HV, your chain link won't discourage small diggers like rats. You can add a hardware cloth skirt around the area, in addition to the hardware cloth on the chainlink wall.
I'd use two strands or more of electric; it's cheap and easy to add strands of wire or rope once you have the charger. Mary
 
Good stuff. We are getting a chain link fence installed 12 X 24, 6' high and buried a foot. Also covered with chain link for hawks. We plan on putting hardware cloth 2 or 3 feet high, and electric around the outside. 1 strand or 2? Could use some help on what I may have wrong.

As you have described it, not sure what the electric wire is going to add? Sounds pretty tight and bomb proof as is. Unless you are in bear country, in which case nearly all poultry setups should have a hot wire perimeter.

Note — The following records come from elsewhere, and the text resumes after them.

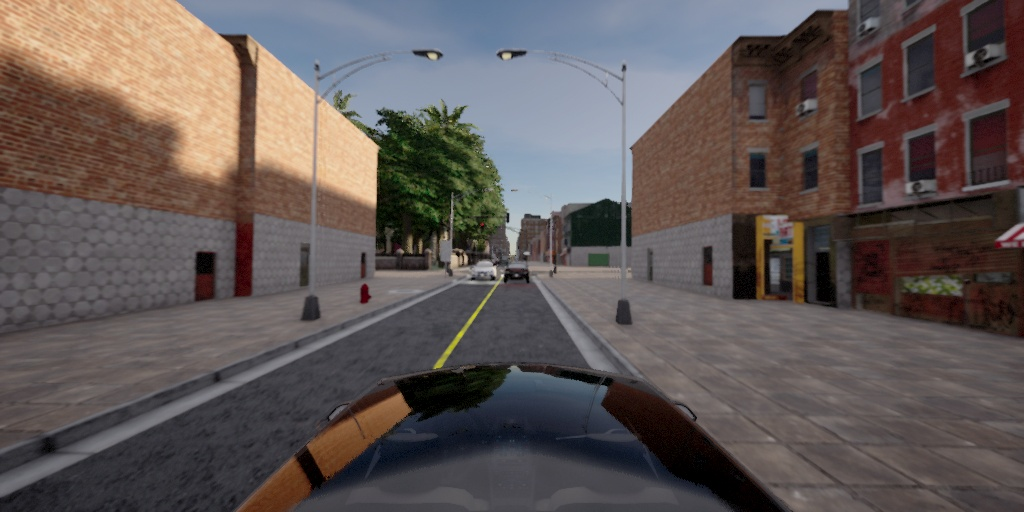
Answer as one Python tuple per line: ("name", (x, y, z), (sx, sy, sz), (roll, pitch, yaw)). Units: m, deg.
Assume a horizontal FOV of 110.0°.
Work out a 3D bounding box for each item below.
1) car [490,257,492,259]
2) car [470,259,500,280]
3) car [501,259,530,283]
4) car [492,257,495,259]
("car", (-4.732, 1.253, 57.082), (2.007, 1.370, 4.403), (0, 0, 0))
("car", (-2.335, 1.243, 30.888), (1.812, 1.442, 4.674), (1, 0, 1))
("car", (0.389, 1.221, 27.867), (1.882, 1.535, 5.008), (1, 0, 1))
("car", (-4.656, 1.261, 64.217), (2.007, 1.370, 4.403), (0, 0, 0))
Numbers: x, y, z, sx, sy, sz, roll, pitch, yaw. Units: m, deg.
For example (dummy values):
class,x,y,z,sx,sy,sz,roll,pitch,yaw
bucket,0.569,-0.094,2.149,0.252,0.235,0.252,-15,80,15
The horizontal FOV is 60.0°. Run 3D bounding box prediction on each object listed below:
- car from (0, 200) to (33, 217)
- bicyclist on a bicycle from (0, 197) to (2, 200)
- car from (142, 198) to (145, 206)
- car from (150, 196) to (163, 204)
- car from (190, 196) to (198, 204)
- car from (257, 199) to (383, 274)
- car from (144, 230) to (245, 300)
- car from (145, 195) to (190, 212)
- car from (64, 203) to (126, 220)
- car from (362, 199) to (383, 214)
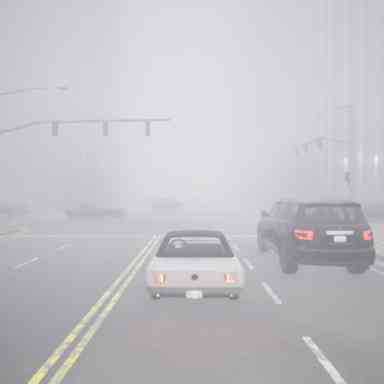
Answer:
class,x,y,z,sx,sy,sz,roll,pitch,yaw
car,-17.480,1.485,31.012,4.902,1.511,2.128,0,0,-2
bicyclist on a bicycle,-26.356,1.292,45.380,0.582,1.620,1.656,0,0,0
car,-7.011,1.340,55.217,2.097,1.767,4.553,0,0,0
car,-6.936,1.533,65.737,2.033,1.411,5.357,0,0,1
car,0.180,1.464,63.182,1.882,1.535,5.008,0,0,0
car,3.589,1.220,10.698,2.150,2.045,5.566,0,0,0
car,0.072,1.599,8.346,1.895,1.301,4.718,0,0,1
car,-2.783,1.483,38.565,2.128,1.511,4.902,0,0,32
car,-7.909,1.595,27.557,4.718,1.301,1.895,0,0,0
car,20.895,1.484,35.011,4.902,1.511,2.128,0,0,-1
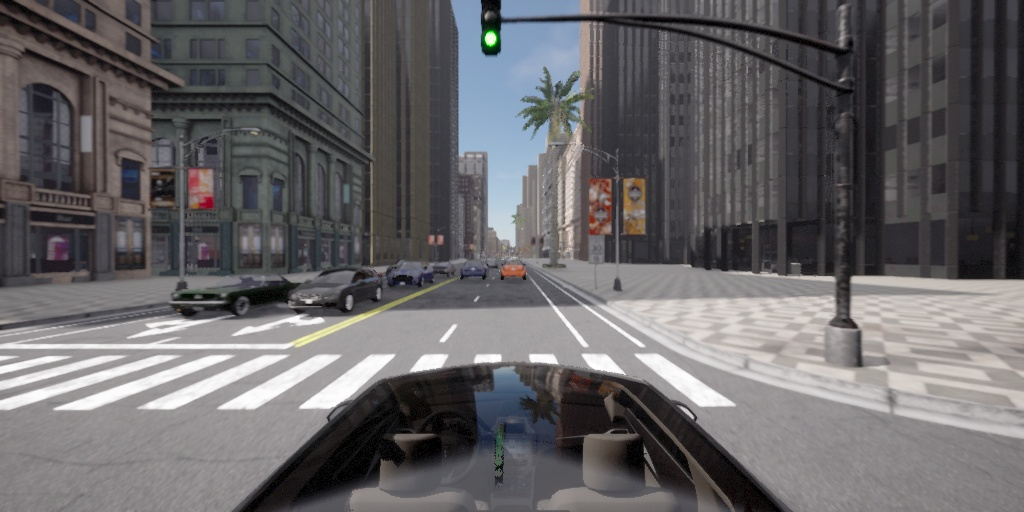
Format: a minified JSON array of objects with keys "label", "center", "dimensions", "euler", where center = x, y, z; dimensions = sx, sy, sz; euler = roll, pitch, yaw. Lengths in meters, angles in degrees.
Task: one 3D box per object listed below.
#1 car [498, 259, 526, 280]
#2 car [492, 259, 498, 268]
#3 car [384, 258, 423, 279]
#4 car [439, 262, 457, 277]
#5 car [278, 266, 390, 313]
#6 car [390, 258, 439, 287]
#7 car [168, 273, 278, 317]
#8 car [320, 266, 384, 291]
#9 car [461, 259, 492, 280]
[{"label":"car","center":[0.116,1.050,31.032],"dimensions":[2.097,1.767,4.553],"euler":[0,0,0]},{"label":"car","center":[-3.138,1.219,55.431],"dimensions":[1.994,1.385,4.181],"euler":[0,0,0]},{"label":"car","center":[-9.764,1.048,32.706],"dimensions":[2.097,1.767,4.553],"euler":[0,0,1]},{"label":"car","center":[-6.484,1.240,34.217],"dimensions":[2.033,1.411,5.357],"euler":[0,0,0]},{"label":"car","center":[-6.595,1.234,14.030],"dimensions":[1.837,1.490,4.892],"euler":[0,0,-1]},{"label":"car","center":[-6.567,1.063,23.775],"dimensions":[2.097,1.767,4.553],"euler":[0,0,1]},{"label":"car","center":[-9.841,1.331,13.345],"dimensions":[1.895,1.301,4.718],"euler":[0,0,-3]},{"label":"car","center":[-9.823,1.315,22.514],"dimensions":[1.895,1.301,4.718],"euler":[0,0,0]},{"label":"car","center":[-3.135,1.050,30.973],"dimensions":[2.097,1.767,4.553],"euler":[0,0,0]}]

BTW, to stop diggers, my preference runs 100% towards aprons laid flat on the ground vs. buried wire. More effective and far less effort. IMHO.
 
Mary brings up a good point. Some folks say their electric fences won't stop dogs, but then they go on to describe their fence and it is a fence built for horses or cattle. Fences where the lowest strand may be nearly 2 feet off the deck.....fences built to confine livestock, not to keep predators out. A fence where a dog, fox or coyote could pass under it without ever getting zapped. Electric fences for poultry need to be tight to the ground. A fence that a predator is going to have to negotiate (touch) in order to get past it. Very few try to jump it. Most will try to crawl under or through (see video before). Once zapped, few will risk it to jump it.....not knowing what awaits them if they leave their feet.
 
I love my Parmak:
TBXF19

I bought one 35 years ago and it is still in use. I also inherited one 10 years ago and I still use it. The batteries last about 3-4 years.
 
HV, your chain link won't discourage small diggers like rats. You can add a hardware cloth skirt around the area, in addition to the hardware cloth on the chainlink wall.
I'd use two strands or more of electric; it's cheap and easy to add strands of wire or rope once you have the charger. Mary
How high should the 2 strands of electric be ? I like the idea of hardware cloth. 2' should do it.